December 3, 2020

Welcome, Vidalia Denim! Hundreds turn out for event

VIDALIA — More than 300 people turned out Tuesday to the Vidalia Conference & Convention Center to welcome Vidalia Denim Mills.

Mayors and aldermen of Natchez and Vidalia, economic development officials, community business representatives and residents looking for work were all a part of the crowd gathered to welcome the newest industry to the Miss-Lou.

Last month Vidalia Denim was announced as the industrial prospect known as Project Blue that Miss-Lou economic leaders had been courting for the past two years.

Vidalia Denim purchased the 900,000 square-foot former Fruit of the Loom facility from the Town of Vidalia. The company plans to transform the building into a cotton mill that will take raw cotton and turn it into denim fabric to be sold to blue jeans manufacturers.

The project expects to have a $9 million payroll and to employ 300 people.

At Tuesday’s event, Vidalia Mayor Buz Craft on behalf of the board of aldermen thanked town employees and citizens for their efforts in helping create the industrial opportunity and for being on hand Tuesday to help celebrate.

“I see clearly how we have arrived at this point,” Craft said. “This was not an individual effort but a team effort.”

He went on to liken the industrial recruitment process to an athletic team playing a game with many players and coaches, spectators and referees working together to make the game happen and Craft said he believes the same is true in the game of life.

“All are equally important because we all receive or give something to the game,” he said. “We can set an example here today to show that we need to embrace each other, win or lose, to progress. Not to fight but to work for the common good of our town, our states. . . . We’re in the presence of many, many influential and powerful people today that I feel believe this same way. To each of our guests, we thank you for your service and your work. Thank you for believing in Vidalia.”

On the podium with Craft were Anne Hazlett, assistant to the secretary for rural development at the United States Department of Agriculture; Dr.

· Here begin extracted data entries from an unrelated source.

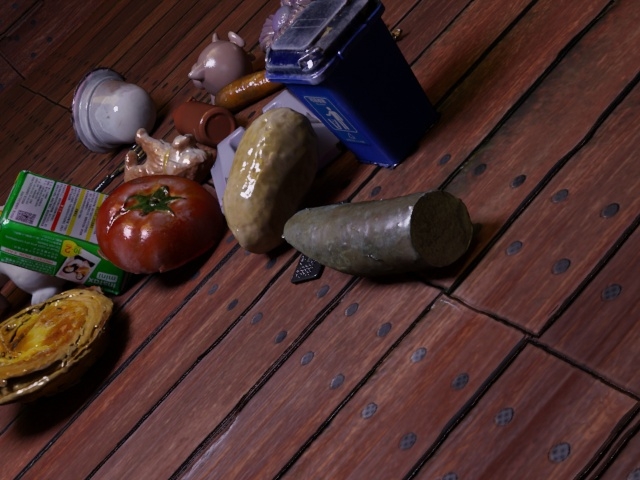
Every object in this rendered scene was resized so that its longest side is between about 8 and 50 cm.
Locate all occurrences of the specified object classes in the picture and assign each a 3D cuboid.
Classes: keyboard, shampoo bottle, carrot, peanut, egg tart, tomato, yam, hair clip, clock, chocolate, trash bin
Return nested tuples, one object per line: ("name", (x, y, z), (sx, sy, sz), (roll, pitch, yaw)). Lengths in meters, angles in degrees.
("keyboard", (0.000, 0.000, 1.402), (0.053, 0.010, 0.155), (-17, 37, 37))
("shampoo bottle", (-0.246, -0.242, 1.970), (0.085, 0.085, 0.244), (-46, 29, -7))
("carrot", (-0.135, -0.306, 1.947), (0.186, 0.060, 0.060), (-21, 35, 30))
("peanut", (-0.075, -0.089, 1.470), (0.129, 0.129, 0.224), (11, 76, 56))
("egg tart", (-0.454, 0.188, 1.609), (0.297, 0.132, 0.297), (-21, 26, 10))
("tomato", (-0.272, -0.041, 1.632), (0.225, 0.085, 0.225), (-3, 36, 2))
("yam", (0.063, -0.005, 1.233), (0.259, 0.106, 0.106), (-8, 43, 51))
("hair clip", (-0.020, -0.509, 2.067), (0.300, 0.069, 0.173), (-35, 29, 14))
("clock", (-0.080, -0.146, 1.628), (0.253, 0.083, 0.186), (-39, 28, 7))
("chocolate", (-0.449, -0.288, 2.233), (0.147, 0.221, 0.221), (13, 55, 24))
("trash bin", (0.057, -0.237, 1.421), (0.184, 0.234, 0.162), (-50, 30, -14))

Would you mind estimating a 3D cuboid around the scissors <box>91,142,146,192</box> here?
("scissors", (-0.472, -0.140, 2.182), (0.220, 0.017, 0.088), (-44, 29, -1))

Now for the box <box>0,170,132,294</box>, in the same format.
("box", (-0.442, -0.017, 1.732), (0.180, 0.250, 0.103), (-88, 17, -53))

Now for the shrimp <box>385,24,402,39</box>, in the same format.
("shrimp", (0.108, -0.370, 1.761), (0.127, 0.025, 0.091), (-9, 41, 49))

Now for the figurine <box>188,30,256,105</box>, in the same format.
("figurine", (-0.203, -0.357, 2.029), (0.138, 0.125, 0.125), (-47, 28, -3))

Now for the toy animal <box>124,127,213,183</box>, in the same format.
("toy animal", (-0.290, -0.114, 1.868), (0.185, 0.104, 0.184), (10, 85, 36))

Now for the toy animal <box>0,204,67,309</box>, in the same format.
("toy animal", (-0.622, 0.041, 1.910), (0.310, 0.247, 0.183), (-15, 19, 16))
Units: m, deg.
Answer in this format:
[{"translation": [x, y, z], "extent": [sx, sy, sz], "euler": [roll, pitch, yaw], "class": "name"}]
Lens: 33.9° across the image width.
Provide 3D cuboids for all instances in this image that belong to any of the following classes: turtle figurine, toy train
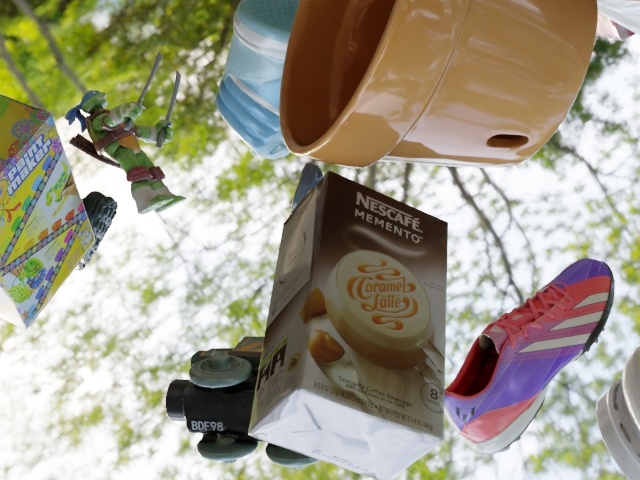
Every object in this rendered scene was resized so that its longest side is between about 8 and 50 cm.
[{"translation": [-0.323, -0.199, 2.004], "extent": [0.275, 0.266, 0.198], "euler": [-25, 178, -22], "class": "turtle figurine"}, {"translation": [-0.016, 0.186, 1.287], "extent": [0.334, 0.142, 0.190], "euler": [-1, -166, 15], "class": "toy train"}]

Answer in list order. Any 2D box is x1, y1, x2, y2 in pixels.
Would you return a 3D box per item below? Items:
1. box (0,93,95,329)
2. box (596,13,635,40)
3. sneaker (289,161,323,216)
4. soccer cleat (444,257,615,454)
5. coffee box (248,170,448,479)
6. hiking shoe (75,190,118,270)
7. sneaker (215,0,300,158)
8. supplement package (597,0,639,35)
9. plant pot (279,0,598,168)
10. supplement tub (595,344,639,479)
[{"translation": [-0.496, -0.068, 1.418], "extent": [0.290, 0.279, 0.177], "euler": [21, -123, 17], "class": "box"}, {"translation": [0.477, -0.471, 1.724], "extent": [0.123, 0.256, 0.128], "euler": [-27, -163, 0], "class": "box"}, {"translation": [0.000, 0.000, 2.041], "extent": [0.131, 0.319, 0.112], "euler": [11, -150, 6], "class": "sneaker"}, {"translation": [0.275, 0.128, 1.383], "extent": [0.318, 0.116, 0.109], "euler": [-50, -155, -17], "class": "soccer cleat"}, {"translation": [0.032, 0.074, 0.958], "extent": [0.098, 0.141, 0.246], "euler": [-49, -155, 44], "class": "coffee box"}, {"translation": [-0.456, -0.025, 1.894], "extent": [0.113, 0.132, 0.304], "euler": [-65, -167, -25], "class": "hiking shoe"}, {"translation": [0.013, -0.184, 1.371], "extent": [0.127, 0.319, 0.208], "euler": [-95, -154, -50], "class": "sneaker"}, {"translation": [0.394, -0.242, 0.972], "extent": [0.145, 0.204, 0.262], "euler": [-63, -165, 10], "class": "supplement package"}, {"translation": [0.110, -0.189, 0.953], "extent": [0.291, 0.204, 0.290], "euler": [-164, -90, -72], "class": "plant pot"}, {"translation": [0.517, 0.170, 1.260], "extent": [0.325, 0.235, 0.235], "euler": [-49, -169, 31], "class": "supplement tub"}]
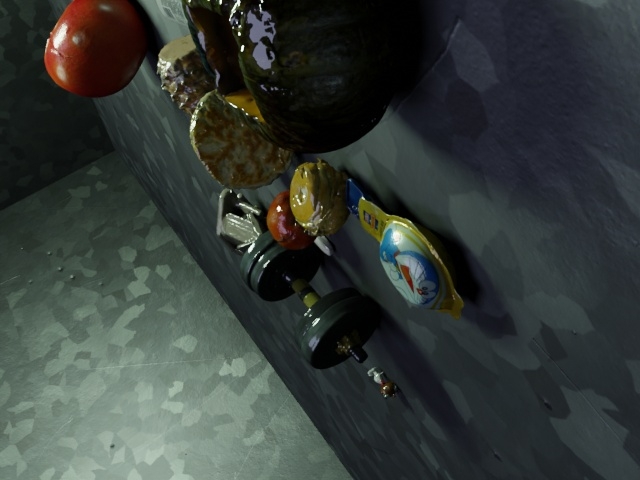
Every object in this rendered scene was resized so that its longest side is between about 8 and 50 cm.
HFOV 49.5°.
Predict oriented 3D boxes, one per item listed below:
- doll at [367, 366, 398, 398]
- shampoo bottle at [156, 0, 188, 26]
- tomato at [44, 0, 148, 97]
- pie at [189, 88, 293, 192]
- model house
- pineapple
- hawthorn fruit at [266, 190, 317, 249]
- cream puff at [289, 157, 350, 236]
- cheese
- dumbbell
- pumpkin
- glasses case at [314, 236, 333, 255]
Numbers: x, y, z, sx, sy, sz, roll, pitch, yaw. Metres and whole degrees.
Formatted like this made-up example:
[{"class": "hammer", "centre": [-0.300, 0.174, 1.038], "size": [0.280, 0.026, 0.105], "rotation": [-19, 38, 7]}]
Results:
[{"class": "doll", "centre": [0.148, 0.334, 1.631], "size": [0.085, 0.040, 0.058], "rotation": [53, 173, 15]}, {"class": "shampoo bottle", "centre": [-0.256, -0.454, 1.340], "size": [0.227, 0.055, 0.086], "rotation": [36, 151, 52]}, {"class": "tomato", "centre": [-0.579, -0.517, 1.827], "size": [0.226, 0.299, 0.298], "rotation": [28, 174, -21]}, {"class": "pie", "centre": [-0.151, -0.195, 1.324], "size": [0.205, 0.178, 0.084], "rotation": [64, 180, -18]}, {"class": "model house", "centre": [-0.172, -0.012, 1.797], "size": [0.188, 0.122, 0.229], "rotation": [32, 166, 30]}, {"class": "pineapple", "centre": [-0.216, -0.258, 1.419], "size": [0.170, 0.141, 0.310], "rotation": [-84, -24, -50]}, {"class": "hawthorn fruit", "centre": [-0.052, -0.043, 1.401], "size": [0.128, 0.128, 0.128], "rotation": [51, 162, 23]}, {"class": "cream puff", "centre": [0.006, -0.073, 1.187], "size": [0.119, 0.104, 0.133], "rotation": [-51, 55, 50]}, {"class": "cheese", "centre": [0.125, 0.012, 1.061], "size": [0.270, 0.069, 0.177], "rotation": [50, 162, 26]}, {"class": "dumbbell", "centre": [-0.026, 0.116, 1.486], "size": [0.388, 0.185, 0.185], "rotation": [47, 160, 32]}, {"class": "pumpkin", "centre": [-0.039, -0.254, 0.841], "size": [0.320, 0.192, 0.320], "rotation": [51, 164, 20]}, {"class": "glasses case", "centre": [0.000, 0.000, 1.480], "size": [0.083, 0.021, 0.032], "rotation": [47, 158, 33]}]
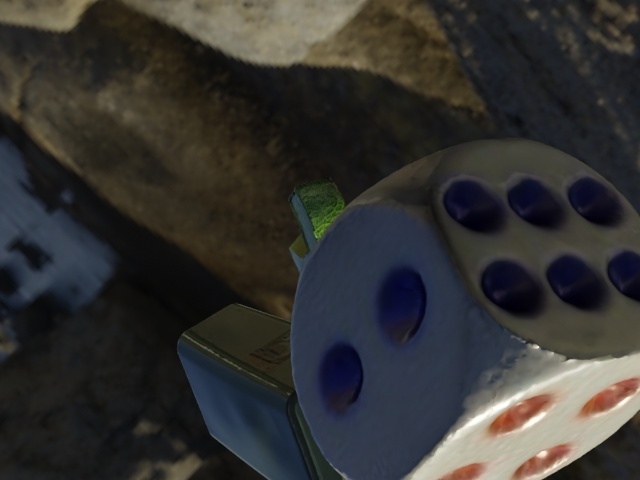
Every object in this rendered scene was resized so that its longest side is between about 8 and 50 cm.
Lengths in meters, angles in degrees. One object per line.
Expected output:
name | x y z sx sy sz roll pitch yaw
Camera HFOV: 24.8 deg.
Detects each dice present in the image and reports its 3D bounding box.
dice | 0.140 0.076 1.272 0.251 0.259 0.243 -54 50 39

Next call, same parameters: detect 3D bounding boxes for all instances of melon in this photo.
melon | 0.000 0.000 1.993 0.118 0.064 0.209 56 161 13

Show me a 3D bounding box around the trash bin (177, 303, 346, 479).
trash bin | -0.053 0.234 2.089 0.343 0.158 0.223 18 133 53
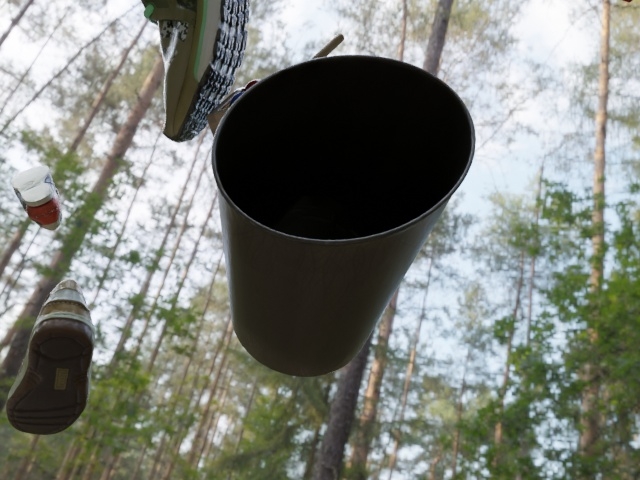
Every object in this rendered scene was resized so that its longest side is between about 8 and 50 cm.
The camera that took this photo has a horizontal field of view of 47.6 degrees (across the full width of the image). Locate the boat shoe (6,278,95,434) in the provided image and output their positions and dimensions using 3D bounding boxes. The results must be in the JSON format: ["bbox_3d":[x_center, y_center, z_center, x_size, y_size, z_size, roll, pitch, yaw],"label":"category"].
[{"bbox_3d":[-0.237,0.107,0.655,0.068,0.072,0.190,13,-45,-26],"label":"boat shoe"}]

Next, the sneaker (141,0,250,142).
[{"bbox_3d":[-0.178,-0.318,0.829,0.182,0.410,0.158,4,1,5],"label":"sneaker"}]

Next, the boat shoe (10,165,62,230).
[{"bbox_3d":[-0.341,-0.054,0.881,0.137,0.049,0.043,39,-28,54],"label":"boat shoe"}]

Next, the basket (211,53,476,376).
[{"bbox_3d":[0.000,0.000,0.568,0.154,0.204,0.226,40,-36,19],"label":"basket"}]

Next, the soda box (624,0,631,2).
[{"bbox_3d":[0.223,-0.332,0.737,0.263,0.092,0.083,33,-28,33],"label":"soda box"}]

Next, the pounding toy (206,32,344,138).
[{"bbox_3d":[-0.038,-0.155,0.818,0.141,0.130,0.100,-10,-66,18],"label":"pounding toy"}]
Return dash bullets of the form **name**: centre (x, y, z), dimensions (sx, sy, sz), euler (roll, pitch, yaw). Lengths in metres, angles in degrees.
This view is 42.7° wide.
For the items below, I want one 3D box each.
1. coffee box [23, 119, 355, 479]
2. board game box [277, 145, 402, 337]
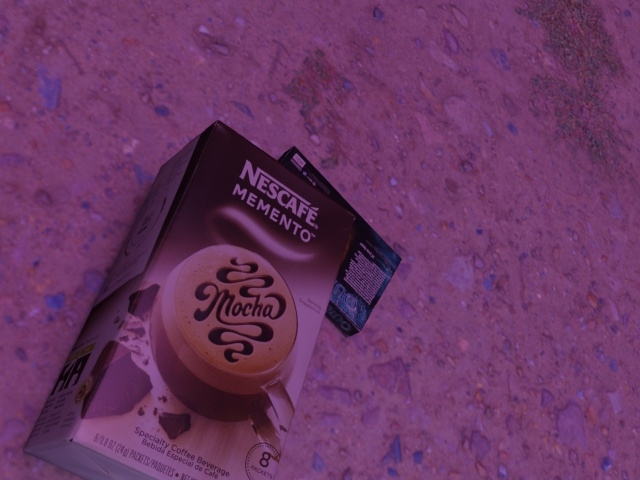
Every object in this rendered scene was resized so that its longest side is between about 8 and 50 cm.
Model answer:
- **coffee box**: centre (-0.100, 0.071, 0.706), dimensions (0.168, 0.119, 0.297), euler (33, 57, -23)
- **board game box**: centre (0.000, 0.000, 0.907), dimensions (0.186, 0.026, 0.126), euler (46, 48, -12)
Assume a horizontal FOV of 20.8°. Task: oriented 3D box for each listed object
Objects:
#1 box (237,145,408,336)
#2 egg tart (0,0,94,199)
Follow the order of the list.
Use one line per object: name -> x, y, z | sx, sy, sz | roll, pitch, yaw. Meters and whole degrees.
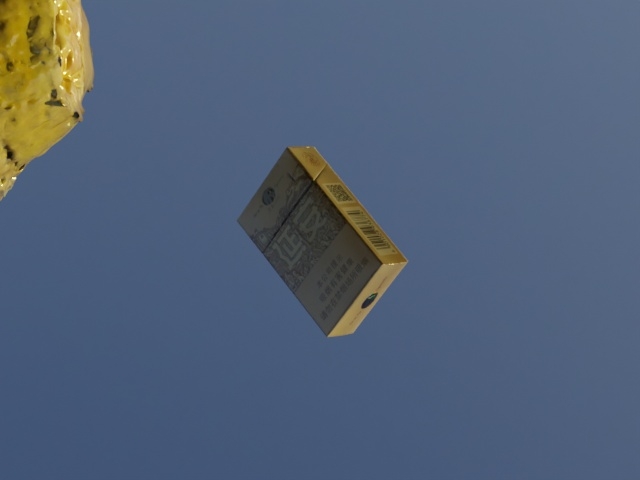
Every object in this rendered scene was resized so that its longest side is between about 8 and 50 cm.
box -> 0.000, 0.000, 0.862 | 0.024, 0.053, 0.083 | -7, -131, -51
egg tart -> -0.271, -0.182, 1.533 | 0.120, 0.315, 0.315 | -5, -140, 3

Carrie Castille Louisiana state director of the USDA’s rural development; Louisiana Congressman Ralph Abraham; Louisiana Agriculture and Forestry Commissioner Mike Strain; Michael Ricks; U.S. Sen. Dr. Bill Cassidy, R-La., Dan Feibus, CEO of Vidalia Denim Mills; Jack Stephens, chairman of the board of Natchez Inc.; Louisiana State Rep., Andy Anders, D-Vidalia; and Roian Atwood, director of sustainability for Wrangler jeans.

Feibus thanked everyone for their efforts in bringing the Vidalia Denim project to Vidalia.
“This is a really interesting project,” Feibus said. “We’re really pleased to be here in this community.”

After thanking many people and nanciers involved in the project, Feibus introduced Atwood, who was decked out in Wrangler blue jeans and a red, white and blue Wrangler shirt.

“What’s really important, and one of the reasons we are here, is to celebrate this moment in time,” Atwood said. “This is a really important landmark in textile history in the United States and it is not often you can say we have a new American denim mill coming online. That’s quite rare.”

Atwood said the United States experienced a mass exodus of the textile industry from 1970 to 1994, losing 350 mills throughout the Southeast. “It’s a bright sunny day for the entire industry,” Atwood said of Tuesday’s announcement.

Abraham said he grew up in Lake Providence, Louisiana, and spent time as an adult working as a veterinarian and physician in the Mississippi Delta.

“When Vidalia Denim and Syrah Technology come to these cities, what they are going to find, and what they already know, is a community that wraps their arms around them but more importantly, they are going to find workers who show up on time and do the job and do it again day after day after day. These are Americans we are proud of.”

Hazlette said she has deep respect for Louisiana and a commitment to building rural prosperity.

“We celebrate the incredible opportunity that we have for the Vidalia community,” Hazlette said, “Louisiana and Mississippi agriculture and the many families that will benefit from the wages that will be created by this business asset.”

The speeches and thank you’s lasted approximately 45 minutes and then people retreated to a side room to mingle and enjoy refreshments. Vidalia Denim has said phase one is working on the facility, and they hope to start hiring within the next nine months.

Lee Staggs, who works for the Vidalia Street Department, said he turned out for Tuesday’s event to support the project.

“We need jobs here,” Staggs said and noted that people had been showing up at the convention center earlier in the day hoping to be able to apply for a job. “A lot of people thought this was a job fair. I think it is a good, done deal. Let’s make some denim.”